The benefits of protein are many:

  1. Protein is digested more slowly from the stomach to the intestine, making you feel full longer, stabilizing the effect of food on blood sugar. Unstable blood sugar levels can affect your mood and hormones.
  2. Consuming protein low in saturated fat can improve your blood triglycerides and high-density lipoprotein. Lower cholesterol and triglycerides can reduce your risk of heart attack or stroke.
  3. Protein is indispensable for the growth and maintenance of the cells in our bodies.
  4. Proteins in the form of enzymes, antibodies and hormones can promote a strong, healthy metabolic process, which could boost your nervous and immunity systems.
  5. Our body’s development, healing of wounds, replacement of dead cells, hair and nail growth, and the replenishment of lost blood is dependent on protein.

Consuming high-protein, high-fiber snack bars may reduce your overall food intake and improve your short-term glucose and insulin profile. Not consuming enough protein can lead to weakening of the muscles, heart and respiratory system, growth loss, decreased immunity, and even death.

Protein and the Thermic Effect

Protein has a wonderful hidden benefit called the thermic effect. The body uses 60 to 75 percent of its energy for basic functions (breathing, heartbeat). 
The thermic effect uses the energy derived from physical activities to metabolize food; some food can even speed up your metabolism.

Dietary fat is easy to process, so it has little thermic effect. Protein, on the other hand, is harder to process, therefore, it has a larger thermic effect.  It takes extra energy, up to 30% more, to break down protein into amino acids and glucose, and to synthesize new proteins in your body.

Although our bodies are designed to bear children, many women have decided to delay having children or not have them at all. Therefore, many pregnancies no longer occur during the prime reproductive years. Since the body is designed to grab every morsel of carbohydrates and fats, why not utilize protein to balance its new environment?
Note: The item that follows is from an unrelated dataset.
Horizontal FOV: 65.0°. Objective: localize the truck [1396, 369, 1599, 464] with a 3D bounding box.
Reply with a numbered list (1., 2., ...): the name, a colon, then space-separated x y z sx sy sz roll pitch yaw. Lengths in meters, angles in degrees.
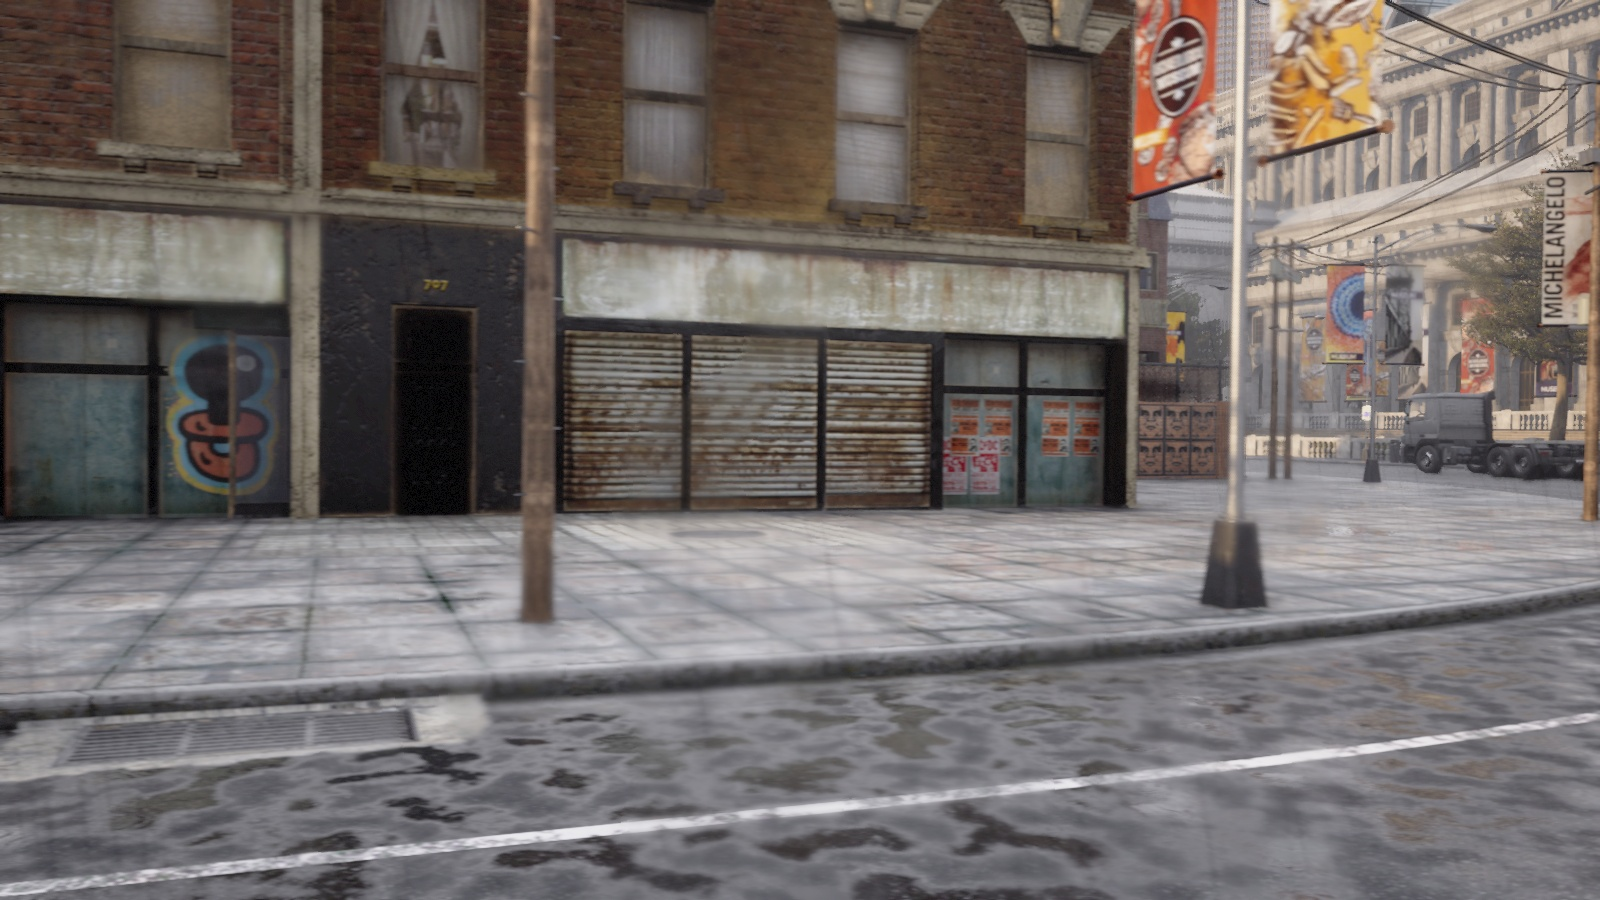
1. truck: 27.843 -1.299 50.225 2.891 3.462 7.936 -1 1 -13

Increasing your protein intake can often kick-start weight-loss program, but it is not good for the long haul. Many believe in high-protein diets that restrict carb intake for life, but they may be at risk for nutritional deficiencies or insufficient fiber. In addition, eating too much red meat and/or full-fat dairy products may increase the risk of heart disease or worsen kidney function in people with kidney disease. As a result, the body may have trouble eliminating all the waste products of protein metabolism.
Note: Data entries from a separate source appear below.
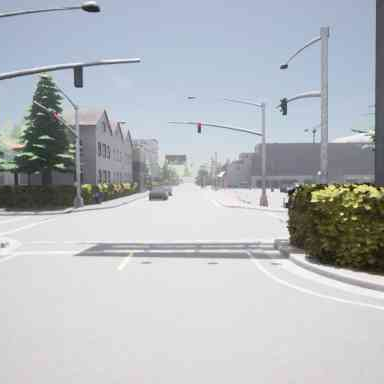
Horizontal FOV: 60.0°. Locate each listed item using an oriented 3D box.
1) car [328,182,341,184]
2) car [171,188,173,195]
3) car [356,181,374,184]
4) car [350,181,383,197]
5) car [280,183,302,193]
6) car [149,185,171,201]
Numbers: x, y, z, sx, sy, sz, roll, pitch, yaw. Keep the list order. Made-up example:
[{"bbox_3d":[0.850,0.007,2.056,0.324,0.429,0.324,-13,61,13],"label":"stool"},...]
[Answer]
[{"bbox_3d":[25.148,-1.045,59.569,2.152,1.636,5.027,-1,2,-1],"label":"car"},{"bbox_3d":[-3.864,-0.205,48.470,2.128,1.511,4.902,-1,2,0],"label":"car"},{"bbox_3d":[18.924,-0.181,34.282,1.905,1.878,3.866,-1,2,-1],"label":"car"},{"bbox_3d":[22.148,-0.468,42.171,1.932,1.855,4.605,-1,2,-1],"label":"car"},{"bbox_3d":[15.129,-0.536,52.129,2.007,1.523,4.514,-1,2,-1],"label":"car"},{"bbox_3d":[-3.819,0.131,38.339,1.882,1.535,5.008,-1,2,0],"label":"car"}]
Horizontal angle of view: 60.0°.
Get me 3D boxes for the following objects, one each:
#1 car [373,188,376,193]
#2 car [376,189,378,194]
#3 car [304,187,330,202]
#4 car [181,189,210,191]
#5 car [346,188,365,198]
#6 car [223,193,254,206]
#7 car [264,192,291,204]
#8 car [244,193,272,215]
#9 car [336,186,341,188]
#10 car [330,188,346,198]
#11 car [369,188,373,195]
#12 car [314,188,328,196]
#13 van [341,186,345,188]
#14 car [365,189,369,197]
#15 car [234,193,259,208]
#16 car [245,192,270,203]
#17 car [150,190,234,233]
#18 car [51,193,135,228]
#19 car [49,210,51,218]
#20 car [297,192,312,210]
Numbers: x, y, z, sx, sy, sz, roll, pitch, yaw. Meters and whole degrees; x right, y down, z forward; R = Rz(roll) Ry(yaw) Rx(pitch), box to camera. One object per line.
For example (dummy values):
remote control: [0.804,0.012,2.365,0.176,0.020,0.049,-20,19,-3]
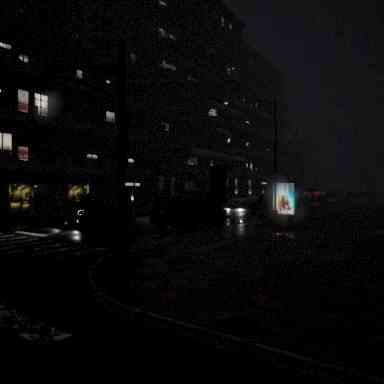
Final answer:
car: [38.135,-0.012,72.198,1.887,1.381,4.507,1,2,35]
car: [44.506,-0.221,81.280,2.008,1.369,4.403,1,2,35]
car: [17.609,0.276,47.480,2.150,2.045,5.566,0,1,35]
car: [-0.063,0.764,27.855,2.150,2.045,5.566,0,1,36]
car: [28.577,0.308,58.575,1.887,1.381,4.507,1,2,35]
car: [5.748,0.828,40.630,2.008,1.369,4.403,2,2,35]
car: [11.406,0.730,44.135,1.994,1.385,4.181,0,1,36]
car: [6.274,1.068,26.789,1.947,1.339,4.313,1,2,35]
car: [34.417,-0.240,81.486,1.967,1.590,4.097,2,2,35]
car: [25.045,0.405,58.080,1.895,1.301,4.718,0,1,35]
car: [34.949,0.095,67.657,1.887,1.381,4.507,1,2,35]
car: [28.046,-0.026,72.406,1.967,1.590,4.097,2,2,35]
van: [37.603,-0.447,86.023,1.690,1.788,3.998,2,2,35]
car: [31.763,0.097,63.113,1.967,1.590,4.097,1,2,35]
car: [5.587,0.883,35.894,1.812,1.442,4.674,0,1,35]
car: [8.933,0.753,45.170,1.802,1.307,4.206,2,2,35]
car: [-0.097,1.025,17.701,2.192,1.841,5.009,1,2,35]
car: [-5.602,1.074,19.968,2.097,1.767,4.553,0,1,35]
car: [-6.991,1.009,22.464,2.192,1.841,5.009,1,2,35]
car: [9.460,0.964,31.331,1.947,1.339,4.313,1,2,35]

If you decide to jump-start weight loss by incorporating the thermic effect of protein, choose your protein wisely: fish, skinless chicken, lean beef, pork and low-fat dairy products are good choices.
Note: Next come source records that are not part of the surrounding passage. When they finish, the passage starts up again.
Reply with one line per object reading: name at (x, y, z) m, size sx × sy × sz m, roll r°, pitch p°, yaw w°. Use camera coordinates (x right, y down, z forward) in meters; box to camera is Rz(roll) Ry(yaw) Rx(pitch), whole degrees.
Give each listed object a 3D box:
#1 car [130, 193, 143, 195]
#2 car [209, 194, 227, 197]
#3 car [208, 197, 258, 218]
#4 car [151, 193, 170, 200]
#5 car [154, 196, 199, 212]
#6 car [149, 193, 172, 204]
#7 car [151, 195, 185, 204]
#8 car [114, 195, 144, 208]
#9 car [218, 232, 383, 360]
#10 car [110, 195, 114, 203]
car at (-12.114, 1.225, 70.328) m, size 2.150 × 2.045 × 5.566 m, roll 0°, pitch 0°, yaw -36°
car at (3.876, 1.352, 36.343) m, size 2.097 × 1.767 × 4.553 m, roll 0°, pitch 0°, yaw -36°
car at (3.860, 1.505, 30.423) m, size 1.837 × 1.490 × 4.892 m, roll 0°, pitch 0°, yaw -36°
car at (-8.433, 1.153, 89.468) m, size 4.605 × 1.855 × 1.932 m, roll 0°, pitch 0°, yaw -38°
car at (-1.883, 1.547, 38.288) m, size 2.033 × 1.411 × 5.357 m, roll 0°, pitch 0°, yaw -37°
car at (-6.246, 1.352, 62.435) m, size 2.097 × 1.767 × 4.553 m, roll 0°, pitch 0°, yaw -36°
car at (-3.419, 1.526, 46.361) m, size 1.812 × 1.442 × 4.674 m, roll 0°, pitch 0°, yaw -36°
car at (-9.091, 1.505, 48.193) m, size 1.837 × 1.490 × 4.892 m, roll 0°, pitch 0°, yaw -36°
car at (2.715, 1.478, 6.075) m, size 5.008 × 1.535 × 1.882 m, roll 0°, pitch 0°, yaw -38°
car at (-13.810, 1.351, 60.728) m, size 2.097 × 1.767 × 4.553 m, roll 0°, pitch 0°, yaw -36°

Talk to your healthcare provider before starting a high-protein weight-loss strategy, especially if you have kidney or liver disease, diabetes or other chronic health conditions.

What to look for when purchasing a protein bar:

  • 200 or fewer calories for a snack protein bar
  • 300 calories for a meal replacement bar
  • At least 10 grams of protein
  • Carbs: less than 20 grams
  • Made with whole ingredients you can pronounce
  • Look for healthy plant-based proteins like pea, brown rice, or whey
  • Ratio of protein to carbs: at least 50% grams of protein compared to grams of carbohydrates. 20 grams of carbs, 10 grams of protein
  • Sugars below 8 grams. Avoid sugar alcohols, may cause bloating in some. Sugar alcohols can contribute calories and a spike in blood-sugar levels.
  • Fat content below 12 grams, no trans fats
  • Fiber at least 6 grams
  • If you are a serious athlete, look for bars with 20-30 grams of protein, otherwise, a good balance between carbs and protein is good. A bar containing 2 grams of protein and 28 grams of carbs – can spike the body’s blood sugar

Remember:  The body can digest only between 20 and 40 grams of protein in one sitting. If you routinely eat more than that, not only will you not benefit, the unused calories can lead to weight gain.